Exercise description: Report back every line in the data that includes the string "warning".

(Given records)

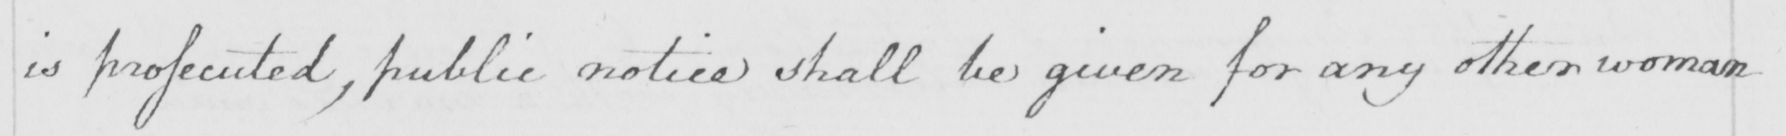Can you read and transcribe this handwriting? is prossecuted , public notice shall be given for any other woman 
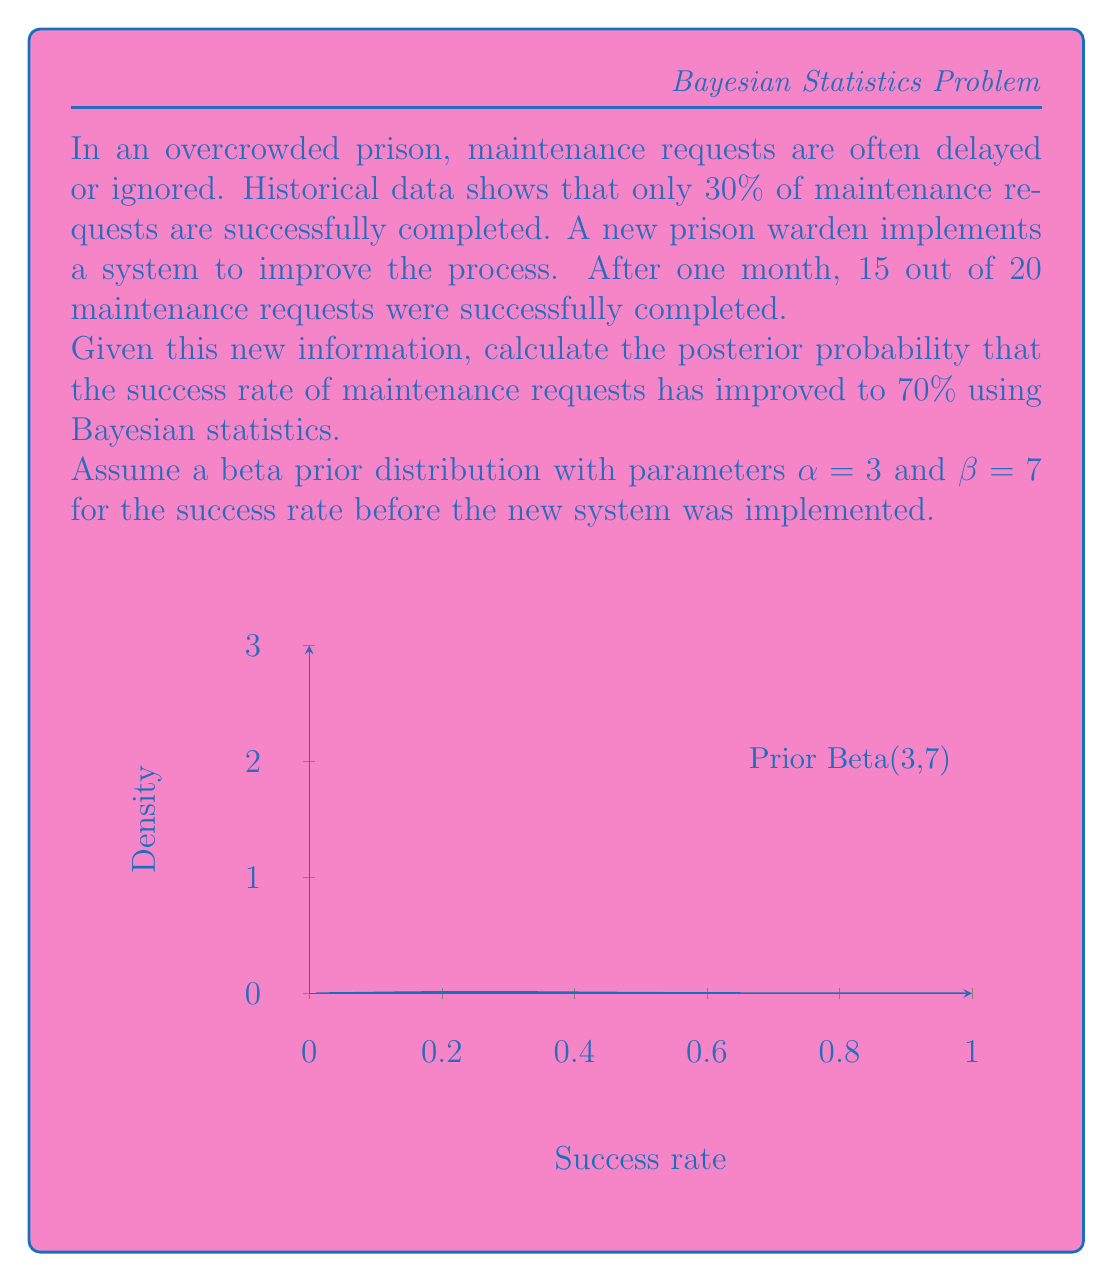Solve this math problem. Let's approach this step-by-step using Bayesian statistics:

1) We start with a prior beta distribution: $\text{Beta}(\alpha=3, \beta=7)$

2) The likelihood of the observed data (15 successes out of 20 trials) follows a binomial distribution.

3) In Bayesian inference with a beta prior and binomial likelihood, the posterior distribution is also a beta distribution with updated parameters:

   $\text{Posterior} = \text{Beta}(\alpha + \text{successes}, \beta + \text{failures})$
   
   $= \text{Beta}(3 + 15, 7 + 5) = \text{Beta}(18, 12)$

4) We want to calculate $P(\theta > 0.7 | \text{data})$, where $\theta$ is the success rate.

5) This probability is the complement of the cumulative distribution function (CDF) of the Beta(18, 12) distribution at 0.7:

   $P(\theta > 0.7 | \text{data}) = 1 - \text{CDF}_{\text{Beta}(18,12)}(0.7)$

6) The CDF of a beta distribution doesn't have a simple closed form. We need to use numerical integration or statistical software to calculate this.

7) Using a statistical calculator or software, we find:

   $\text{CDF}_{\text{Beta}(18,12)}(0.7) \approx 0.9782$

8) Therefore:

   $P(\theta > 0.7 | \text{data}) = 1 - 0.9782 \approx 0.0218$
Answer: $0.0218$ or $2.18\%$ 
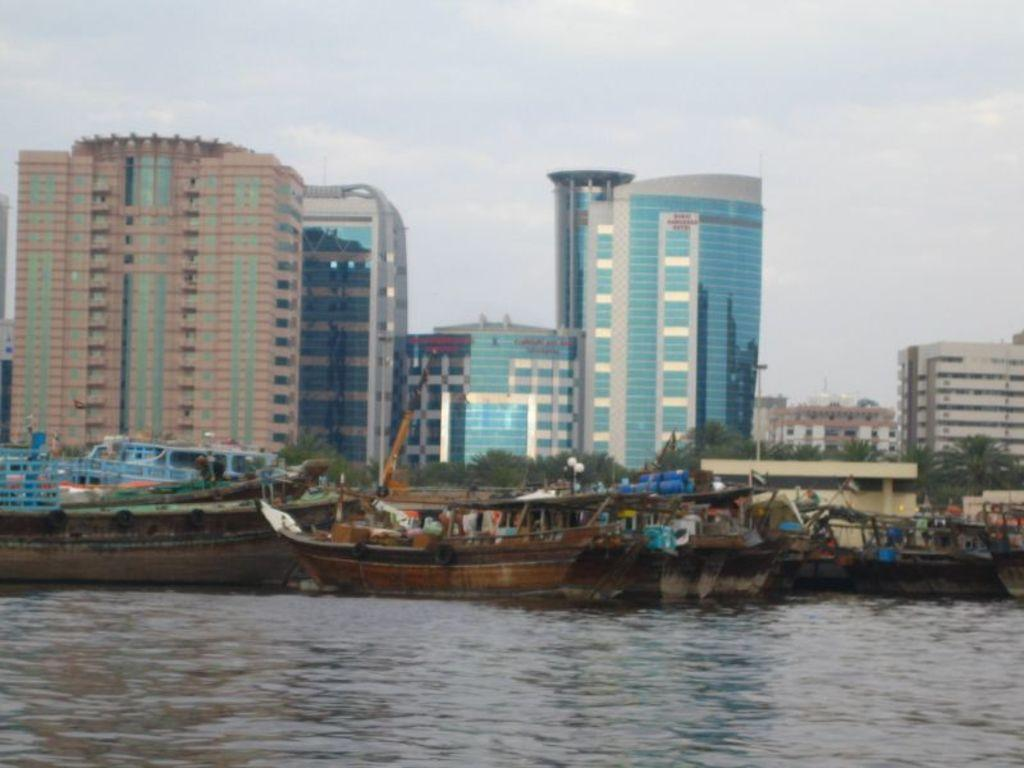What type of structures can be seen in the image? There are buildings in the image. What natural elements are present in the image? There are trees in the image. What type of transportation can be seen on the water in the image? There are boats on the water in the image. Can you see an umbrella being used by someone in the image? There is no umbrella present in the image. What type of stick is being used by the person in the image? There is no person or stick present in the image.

(End Given records)
(Given records)

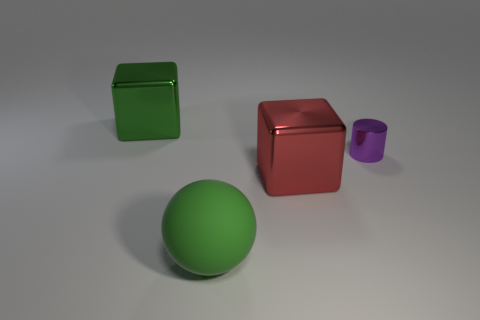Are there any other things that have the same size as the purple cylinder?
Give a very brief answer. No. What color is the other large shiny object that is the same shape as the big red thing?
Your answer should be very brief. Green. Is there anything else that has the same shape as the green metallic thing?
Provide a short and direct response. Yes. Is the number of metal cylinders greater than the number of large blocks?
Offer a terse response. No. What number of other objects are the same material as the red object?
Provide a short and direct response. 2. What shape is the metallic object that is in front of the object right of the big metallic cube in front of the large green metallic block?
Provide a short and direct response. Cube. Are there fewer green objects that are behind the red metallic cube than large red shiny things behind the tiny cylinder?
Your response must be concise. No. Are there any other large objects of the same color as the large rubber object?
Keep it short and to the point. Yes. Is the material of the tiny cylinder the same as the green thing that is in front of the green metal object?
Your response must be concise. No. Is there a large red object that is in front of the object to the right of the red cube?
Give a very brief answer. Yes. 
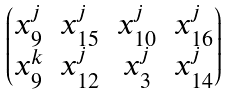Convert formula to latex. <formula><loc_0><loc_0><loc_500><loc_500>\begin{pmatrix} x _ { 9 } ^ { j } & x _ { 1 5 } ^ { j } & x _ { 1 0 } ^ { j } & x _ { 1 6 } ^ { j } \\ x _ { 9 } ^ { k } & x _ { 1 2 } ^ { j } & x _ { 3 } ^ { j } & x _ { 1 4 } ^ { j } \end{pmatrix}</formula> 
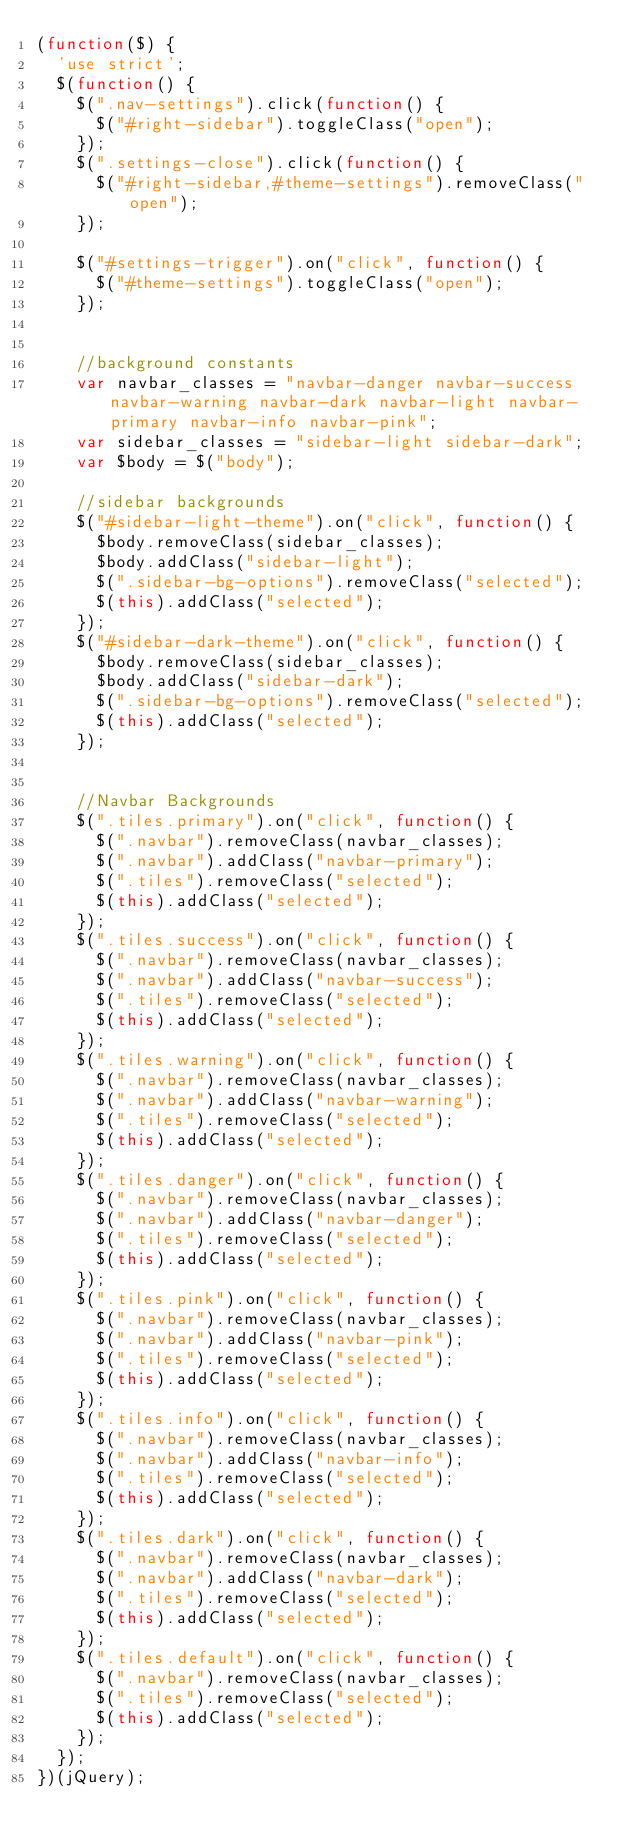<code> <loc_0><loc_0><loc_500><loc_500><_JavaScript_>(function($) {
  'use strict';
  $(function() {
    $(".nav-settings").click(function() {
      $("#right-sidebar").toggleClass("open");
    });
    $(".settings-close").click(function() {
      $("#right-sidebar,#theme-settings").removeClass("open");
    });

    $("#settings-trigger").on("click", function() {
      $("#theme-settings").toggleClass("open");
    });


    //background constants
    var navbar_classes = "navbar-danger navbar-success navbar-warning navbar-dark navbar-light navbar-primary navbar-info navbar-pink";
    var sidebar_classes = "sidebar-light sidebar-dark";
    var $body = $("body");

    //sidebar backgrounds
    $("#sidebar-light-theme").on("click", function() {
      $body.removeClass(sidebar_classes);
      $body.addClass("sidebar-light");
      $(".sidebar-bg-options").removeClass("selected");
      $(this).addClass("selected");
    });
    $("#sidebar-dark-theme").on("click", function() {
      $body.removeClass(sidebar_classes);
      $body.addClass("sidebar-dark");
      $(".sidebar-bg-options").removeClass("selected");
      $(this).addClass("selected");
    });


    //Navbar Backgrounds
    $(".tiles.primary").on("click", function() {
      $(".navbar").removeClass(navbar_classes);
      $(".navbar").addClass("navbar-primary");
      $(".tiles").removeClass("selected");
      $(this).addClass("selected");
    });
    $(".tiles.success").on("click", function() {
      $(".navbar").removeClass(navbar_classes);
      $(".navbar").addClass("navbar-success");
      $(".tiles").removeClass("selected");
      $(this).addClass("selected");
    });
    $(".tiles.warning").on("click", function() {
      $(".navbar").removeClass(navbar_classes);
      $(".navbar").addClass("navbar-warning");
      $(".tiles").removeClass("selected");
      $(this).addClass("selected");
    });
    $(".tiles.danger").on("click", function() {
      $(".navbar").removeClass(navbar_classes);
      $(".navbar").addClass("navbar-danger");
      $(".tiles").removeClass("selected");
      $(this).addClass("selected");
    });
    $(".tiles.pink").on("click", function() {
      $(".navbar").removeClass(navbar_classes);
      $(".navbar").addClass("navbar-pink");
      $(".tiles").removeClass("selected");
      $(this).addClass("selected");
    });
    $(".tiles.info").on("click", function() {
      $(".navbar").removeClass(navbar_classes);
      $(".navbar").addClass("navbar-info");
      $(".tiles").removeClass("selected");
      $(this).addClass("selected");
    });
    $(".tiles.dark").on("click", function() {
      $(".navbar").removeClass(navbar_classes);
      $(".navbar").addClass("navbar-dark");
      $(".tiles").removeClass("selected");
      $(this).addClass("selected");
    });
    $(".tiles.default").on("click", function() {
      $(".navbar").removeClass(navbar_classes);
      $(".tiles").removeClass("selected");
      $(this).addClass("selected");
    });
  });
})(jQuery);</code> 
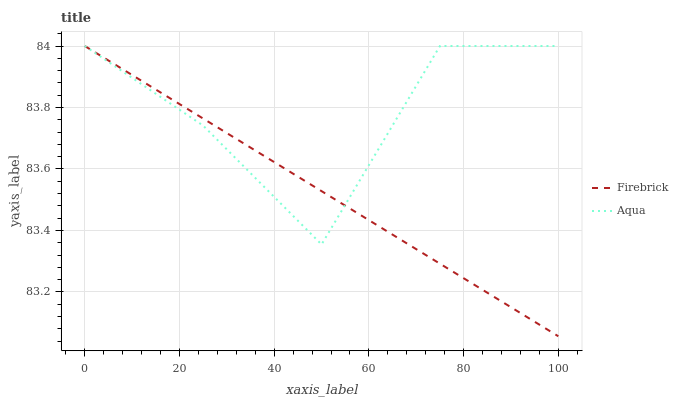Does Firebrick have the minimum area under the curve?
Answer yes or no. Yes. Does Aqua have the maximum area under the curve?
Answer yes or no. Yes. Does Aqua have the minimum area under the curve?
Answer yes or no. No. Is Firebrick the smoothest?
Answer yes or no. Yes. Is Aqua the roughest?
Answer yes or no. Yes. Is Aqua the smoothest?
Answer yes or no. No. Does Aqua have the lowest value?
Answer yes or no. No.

(End Given records)
(Given records)

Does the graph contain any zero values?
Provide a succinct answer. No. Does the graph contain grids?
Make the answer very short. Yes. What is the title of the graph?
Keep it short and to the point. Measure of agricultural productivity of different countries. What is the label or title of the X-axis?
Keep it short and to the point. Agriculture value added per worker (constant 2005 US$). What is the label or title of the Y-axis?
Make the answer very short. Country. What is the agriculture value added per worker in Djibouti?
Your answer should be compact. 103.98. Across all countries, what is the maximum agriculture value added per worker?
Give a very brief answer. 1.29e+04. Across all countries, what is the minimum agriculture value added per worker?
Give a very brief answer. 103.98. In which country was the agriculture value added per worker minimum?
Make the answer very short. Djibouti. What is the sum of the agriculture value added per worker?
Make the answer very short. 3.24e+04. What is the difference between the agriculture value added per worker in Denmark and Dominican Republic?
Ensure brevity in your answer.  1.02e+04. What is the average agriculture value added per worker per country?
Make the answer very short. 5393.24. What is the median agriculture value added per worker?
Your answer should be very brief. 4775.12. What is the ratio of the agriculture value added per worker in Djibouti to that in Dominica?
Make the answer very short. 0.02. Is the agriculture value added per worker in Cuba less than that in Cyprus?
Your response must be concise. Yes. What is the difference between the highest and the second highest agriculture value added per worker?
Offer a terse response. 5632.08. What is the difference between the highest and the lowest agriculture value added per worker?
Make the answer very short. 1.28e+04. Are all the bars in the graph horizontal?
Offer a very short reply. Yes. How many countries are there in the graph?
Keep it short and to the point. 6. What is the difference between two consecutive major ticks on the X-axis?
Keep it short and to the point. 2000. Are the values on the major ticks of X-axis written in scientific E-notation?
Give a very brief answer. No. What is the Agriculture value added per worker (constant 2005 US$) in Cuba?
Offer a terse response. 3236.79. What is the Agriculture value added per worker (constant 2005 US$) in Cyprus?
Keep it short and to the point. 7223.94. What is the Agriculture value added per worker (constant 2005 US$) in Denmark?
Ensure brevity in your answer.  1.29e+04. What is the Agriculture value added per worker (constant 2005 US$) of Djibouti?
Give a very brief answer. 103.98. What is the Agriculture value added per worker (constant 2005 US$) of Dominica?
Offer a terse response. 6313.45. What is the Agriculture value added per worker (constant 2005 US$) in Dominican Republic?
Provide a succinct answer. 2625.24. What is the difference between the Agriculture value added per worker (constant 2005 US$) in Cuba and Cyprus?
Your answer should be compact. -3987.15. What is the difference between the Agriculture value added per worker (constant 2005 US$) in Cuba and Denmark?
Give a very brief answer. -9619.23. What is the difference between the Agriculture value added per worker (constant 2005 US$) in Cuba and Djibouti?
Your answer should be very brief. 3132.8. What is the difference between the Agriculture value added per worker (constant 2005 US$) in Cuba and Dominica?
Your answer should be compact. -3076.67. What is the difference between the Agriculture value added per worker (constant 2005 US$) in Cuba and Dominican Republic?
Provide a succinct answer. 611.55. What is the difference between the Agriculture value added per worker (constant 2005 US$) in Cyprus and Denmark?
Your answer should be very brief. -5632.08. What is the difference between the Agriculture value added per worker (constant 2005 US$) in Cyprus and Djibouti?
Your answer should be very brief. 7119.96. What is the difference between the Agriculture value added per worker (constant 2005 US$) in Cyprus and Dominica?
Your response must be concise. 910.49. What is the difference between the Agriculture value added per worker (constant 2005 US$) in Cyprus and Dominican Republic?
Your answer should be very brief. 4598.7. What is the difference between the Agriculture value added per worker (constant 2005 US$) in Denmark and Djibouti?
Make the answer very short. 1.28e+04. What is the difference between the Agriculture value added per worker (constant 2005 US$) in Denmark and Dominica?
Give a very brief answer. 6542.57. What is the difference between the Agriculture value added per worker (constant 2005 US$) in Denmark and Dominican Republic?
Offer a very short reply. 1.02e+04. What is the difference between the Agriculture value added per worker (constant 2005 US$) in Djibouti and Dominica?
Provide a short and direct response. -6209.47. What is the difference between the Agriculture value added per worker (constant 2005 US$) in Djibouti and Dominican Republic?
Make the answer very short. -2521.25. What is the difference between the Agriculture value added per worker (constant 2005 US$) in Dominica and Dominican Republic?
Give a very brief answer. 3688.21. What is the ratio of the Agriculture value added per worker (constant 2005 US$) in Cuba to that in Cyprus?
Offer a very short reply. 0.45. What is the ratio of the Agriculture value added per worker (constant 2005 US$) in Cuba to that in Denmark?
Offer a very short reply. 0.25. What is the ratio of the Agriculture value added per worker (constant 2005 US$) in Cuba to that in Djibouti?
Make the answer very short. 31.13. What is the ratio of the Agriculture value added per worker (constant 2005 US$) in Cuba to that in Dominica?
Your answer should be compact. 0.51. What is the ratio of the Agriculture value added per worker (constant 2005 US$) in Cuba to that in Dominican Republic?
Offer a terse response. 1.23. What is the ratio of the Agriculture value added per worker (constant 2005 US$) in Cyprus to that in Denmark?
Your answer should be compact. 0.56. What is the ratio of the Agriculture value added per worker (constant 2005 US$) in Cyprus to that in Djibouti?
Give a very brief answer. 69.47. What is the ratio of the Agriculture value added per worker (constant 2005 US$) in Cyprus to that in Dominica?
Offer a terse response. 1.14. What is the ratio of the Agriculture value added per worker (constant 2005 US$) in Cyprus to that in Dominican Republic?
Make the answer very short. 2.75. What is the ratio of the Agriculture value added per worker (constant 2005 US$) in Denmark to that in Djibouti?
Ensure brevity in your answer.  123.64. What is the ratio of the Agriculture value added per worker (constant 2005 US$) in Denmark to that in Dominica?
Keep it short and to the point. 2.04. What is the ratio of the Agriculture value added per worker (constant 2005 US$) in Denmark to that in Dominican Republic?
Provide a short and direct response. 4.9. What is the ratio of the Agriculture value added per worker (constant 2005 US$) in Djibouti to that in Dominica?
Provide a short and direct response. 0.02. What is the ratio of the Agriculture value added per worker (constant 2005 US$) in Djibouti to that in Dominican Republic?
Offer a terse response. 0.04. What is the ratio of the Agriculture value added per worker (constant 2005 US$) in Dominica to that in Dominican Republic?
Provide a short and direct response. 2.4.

(End Given records)

Expected answer:
    var navbar_classes = "navbar-danger navbar-success navbar-warning navbar-dark navbar-light navbar-primary navbar-info navbar-pink";
    $(".tiles.warning").on("click", function() {
      $(".navbar").addClass("navbar-warning");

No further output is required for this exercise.